The kids also note that candidates were “name-calling” and “talking around the question.”

Why would they do that, asks Chase?

“’Cause they don’t have the answer to the question?” asks a boy.

“Maybe sometimes they don’t think the voters would like their answers,” adds another boy.

A girl raises her hand. “Maybe Donald Trump doesn’t say how he’s going to build the wall because he knows like it’s not really that popular?”

It’s a free flow of ideas among the children, with Chase asking more questions as she points to Trump’s refusal to say whether he’ll respect the results of the election, asking “What do you think that’s about?”

One girl raises the point about Trump’s concern over voter fraud.

“It will make him look like a sore loser if Hillary became president and he keeps trying to be president even if she is president,” says one boy.

A girl chimes in, “I think Hillary won’t, if she doesn’t win, for some reason, I think Hillary will handle it fine, but Trump will try to get 3,000 more votes, something crazy like that.”
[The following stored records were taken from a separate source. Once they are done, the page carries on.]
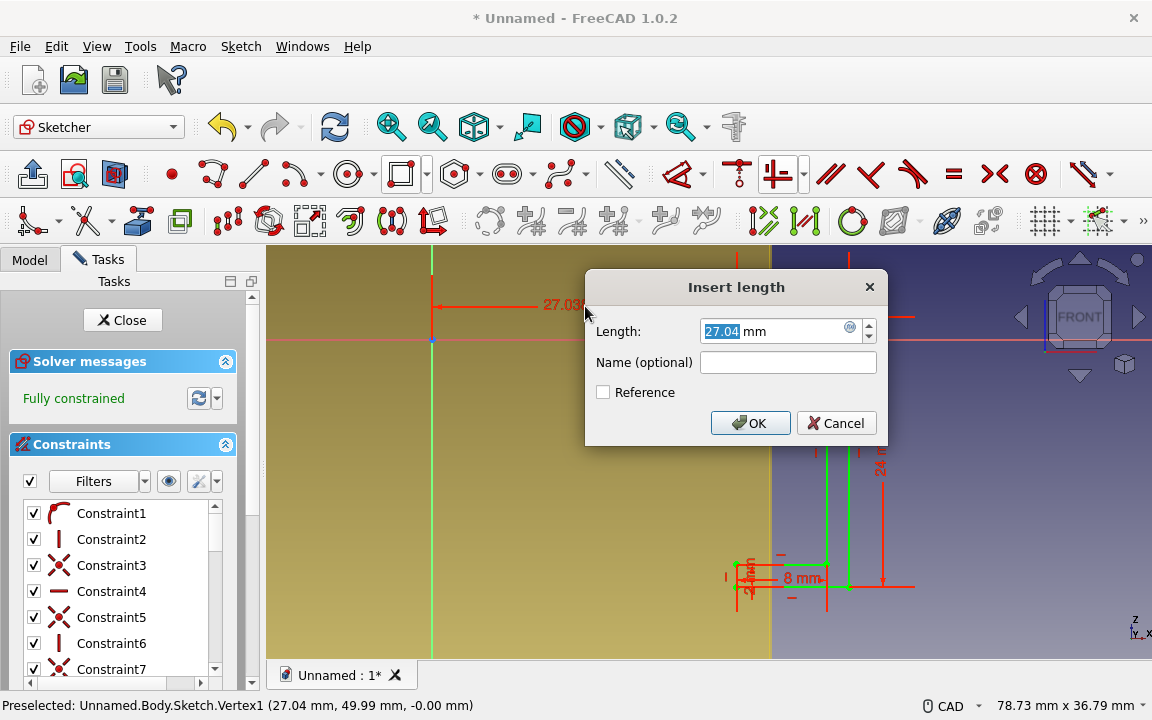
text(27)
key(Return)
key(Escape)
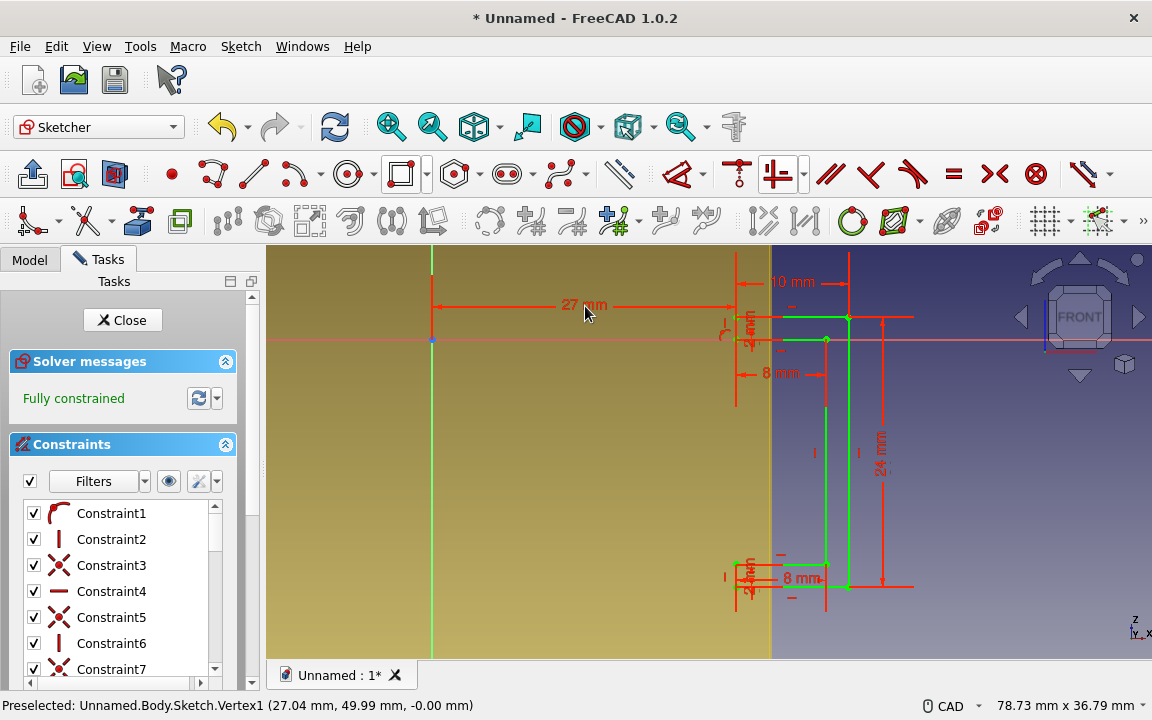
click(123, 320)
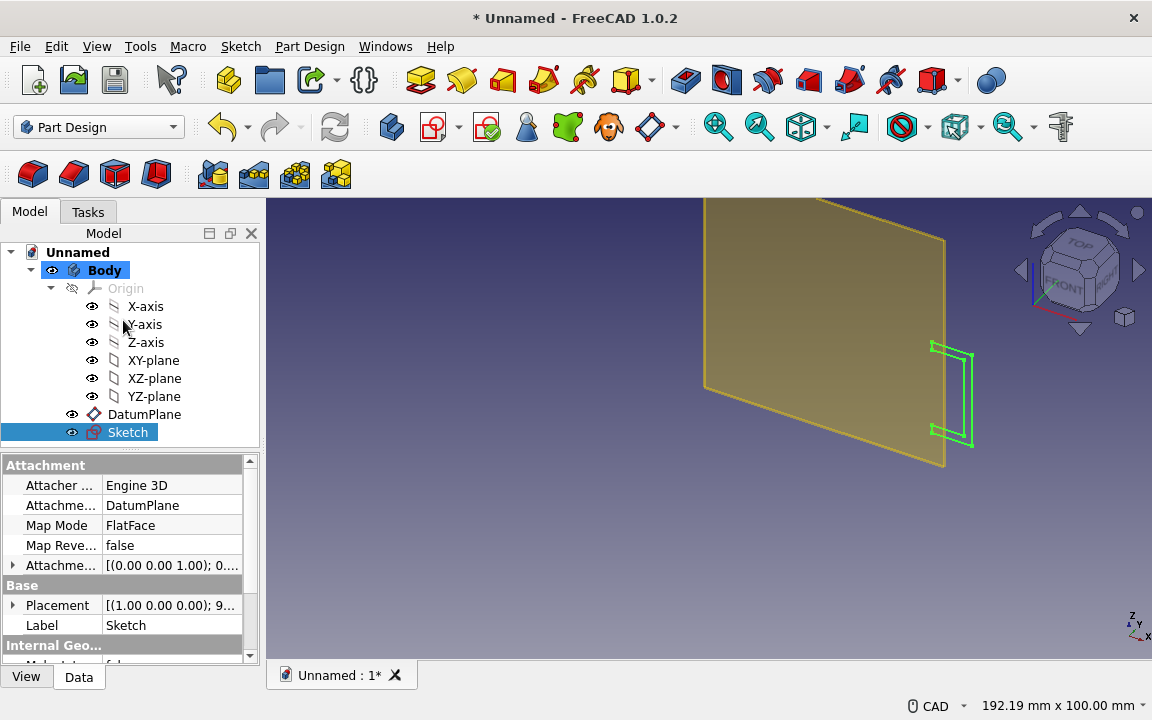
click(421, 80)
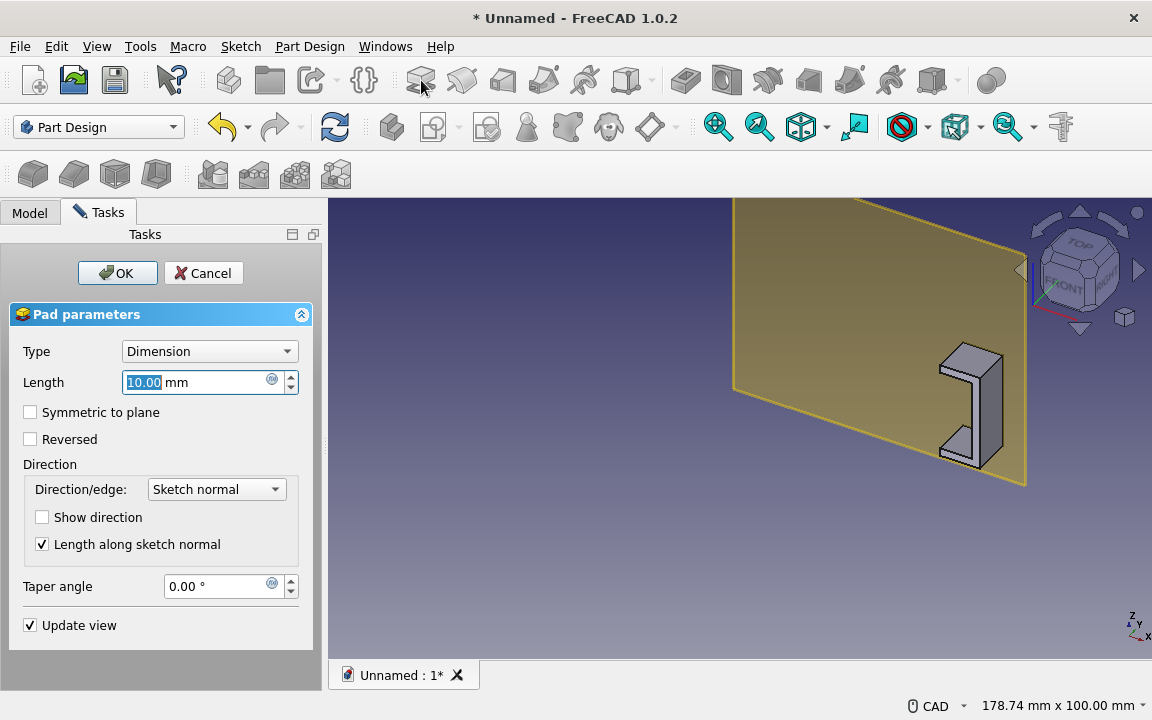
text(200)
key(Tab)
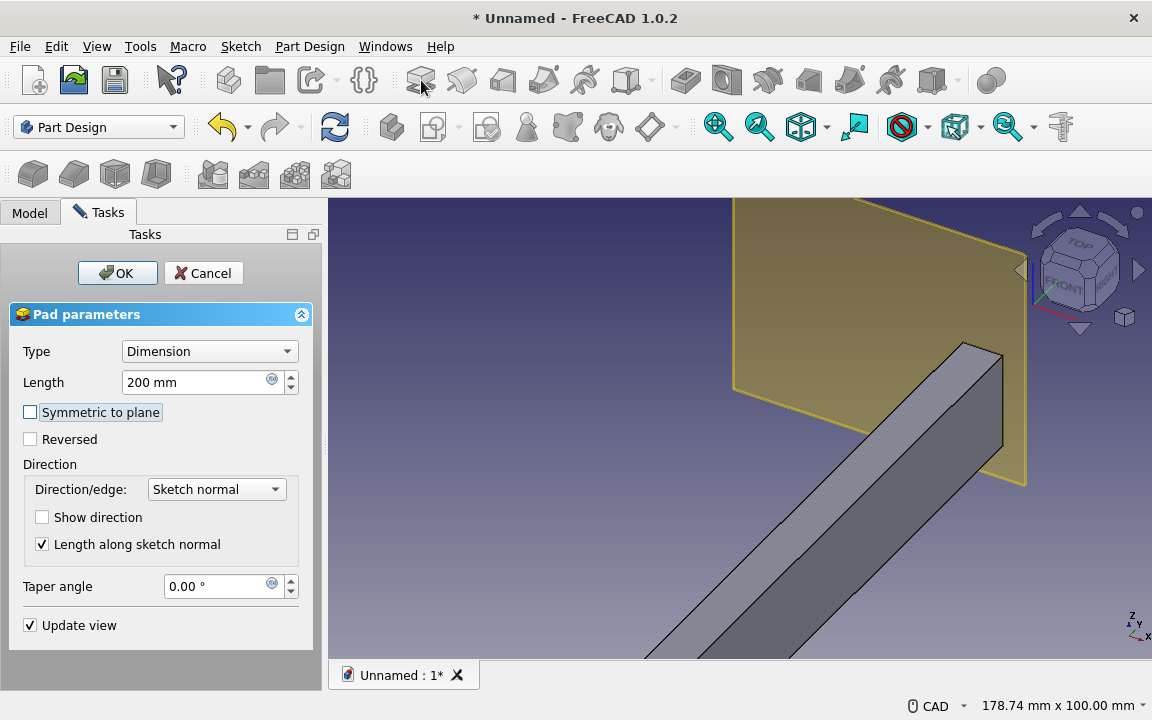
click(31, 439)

A boy nearby suggests, “Maybe he doesn’t have sportsmanship.”

The class also points to the fact that the candidates didn’t shake hands as “a sign of disrespect,” and one boy tells the class that Trump has been “stereotyping Mexicans and Muslims. Donald Trump wants to take them all out of the country because he thinks they’re criminals and bring drugs and are stealing our jobs.”

“Why would that be bad?” probes the teacher, as the class continues to discuss Clinton’s e-mails, Trump’s statements of women and more. She asks them “What IS locker-room talk? … How do you think women are reacting to this?”

“They’re probably really disgusted,” answers one girl. “Because that’s kind of offensive for them. That’s not what we’re here for.”

These students have been incorporating the excitement over the election into reading assignments, public speaking and social studies learning, says Chase.

“They really need to under stand how the process works. That’s really why I brought this into the classroom. ”

The students were assigned to one of the two candidates — often the opposite one they requested to be — as Chase assigned what she calls “an informational investigation, rather than a personal belief study. I encourage my students to form their opinions later, after they have fact-based research using approved sources to back up their opinions.”

A team for each candidate has crafted summaries on the candidates’ viewpoints on each issue for their debate. Their research will go a long way in preparing them for the mock election that lies ahead.

“It was a great experience to see fifth-graders spend a half-hour energetically debating about immigration reform,” says the teacher. “The point of this is to have students become more aware of issues and policies, rather than media bias.”

Chase thinks a lot of teachers are reluctant to take on the wild card of real politics in their classrooms.

“Teachers are afraid of showing their own bias, especially in this election,” she says. “And they’re nervous about students taking on the perspectives of their parents and just sharing that. We started off that way, but I said ‘You’re allowed to have an opinion, and you’re allowed to share that opinion. But the only way you can do that in this room is if you have facts to back it up.’ That got them to research it, so they can say, ‘I like this candidate because,’ and I have to hear the ‘because’ for them to be sharing. Otherwise they say, ‘My mom says …’ No.”

Chase says she will hear students make statements that are simply incorrect, “so we’re able to address that as a group. It’s OK, they’re free to make statements, so I can question them and push their thinking.”

The whole experience, she says, “is eye-opening for them. … It’s a big reality check.”